Beim Schwimmen hatte ich ihnen tausendmal unter die Arme gegriffen, sie geschützt und ihnen die Gefahren der Tiefe gezeigt. Ein Einatmen und Ausatmen.
Radfahren, Skifahren, Schule, das Leben – ein Einatmen und Ausatmen, ein Festhalten und Loslassen.
Als Kinder spielten wir oft dieses Vertrauensspiel. Ein Kreis aus Freunden, und der, der in der Mitte stand, musste die Augen schließen. Nie wusste man, in welche Richtung sich der Blinde fallen ließ, und doch, es verletzte sich niemand, immer ging es sich aus. Spannung, ein Lachen und dann die unsägliche Erleichterung, ein kurzes Glücksgefühl.

Das Loslassen ist eine Frage des persönlichen Vertrauens, ins Leben oder vielleicht in Gott. Dieses Festhalten-müssen ist eine Vertrauensfrage, deren Antwort immer schmerzhafter und belastender wird, je mehr man sich eingestehen muss, dass man dieses Urgefühl, das Urvertrauen in Gott verloren hat.
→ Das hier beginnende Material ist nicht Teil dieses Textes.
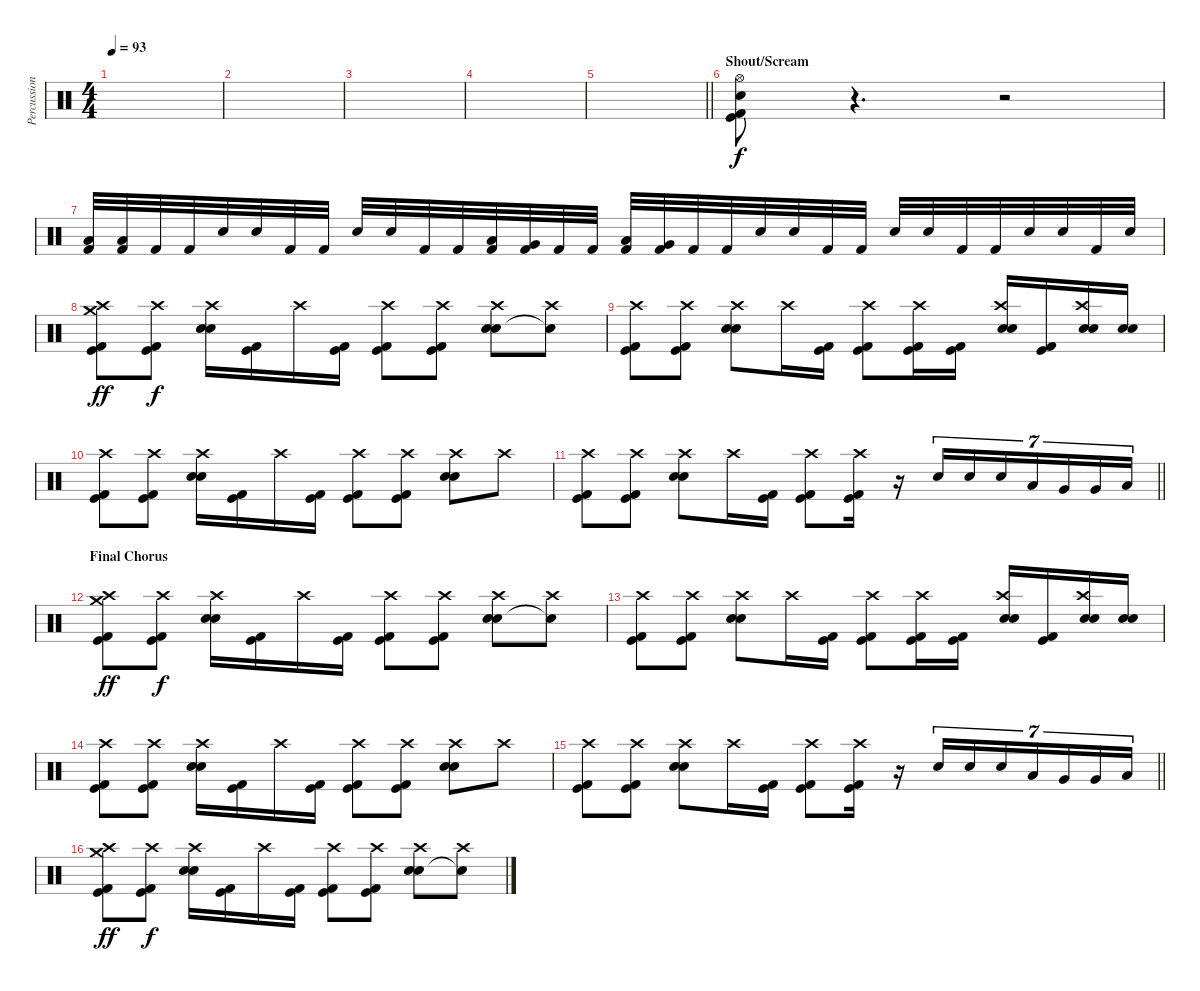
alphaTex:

Warum kann Gott nicht dieser Notarzt sein, der einem eine Nadel setzt, die einen in andere Ebenen, in eine Freiheit führt, wohltuend und berauschend?

Meine kleine eingebildete Freiheit, die sich Selbstbestimmung nennt, hat mich in eine Sackgasse geführt, weil ich mein Vertrauen verloren habe.
Eine salesianische Weisheit sagt: „Schau auf Gott und überlass ihm alles, er wird für dich sorgen“.
Eine sehr mutige Aussage in einer Zeit, in der zumindest in Europa alles nach Sicherheit und Wohlstand strebt. Ja, Mut ist es, den Franz von Sales von uns einfordert, Mut, wieder mehr zu vertrauen, in sich, in den Nächsten, ins Leben und auch in Gott.

Ich spüre erstmals wieder warme Beine unter der Decke und antworte dem besorgten Notarzt: „Ich kenne das Zauberwort, es ist nur manches Mal so schwer.“
Ich schließe die Augen, und während ich seicht vor mich hin döse, stehe ich im Kreis meiner Freunde, die Augen geschlossen, in glücklicher Erwartung auf mein Loslassen …

Katharina Grabner-Hayden ist verheiratet und hat vier Söhne.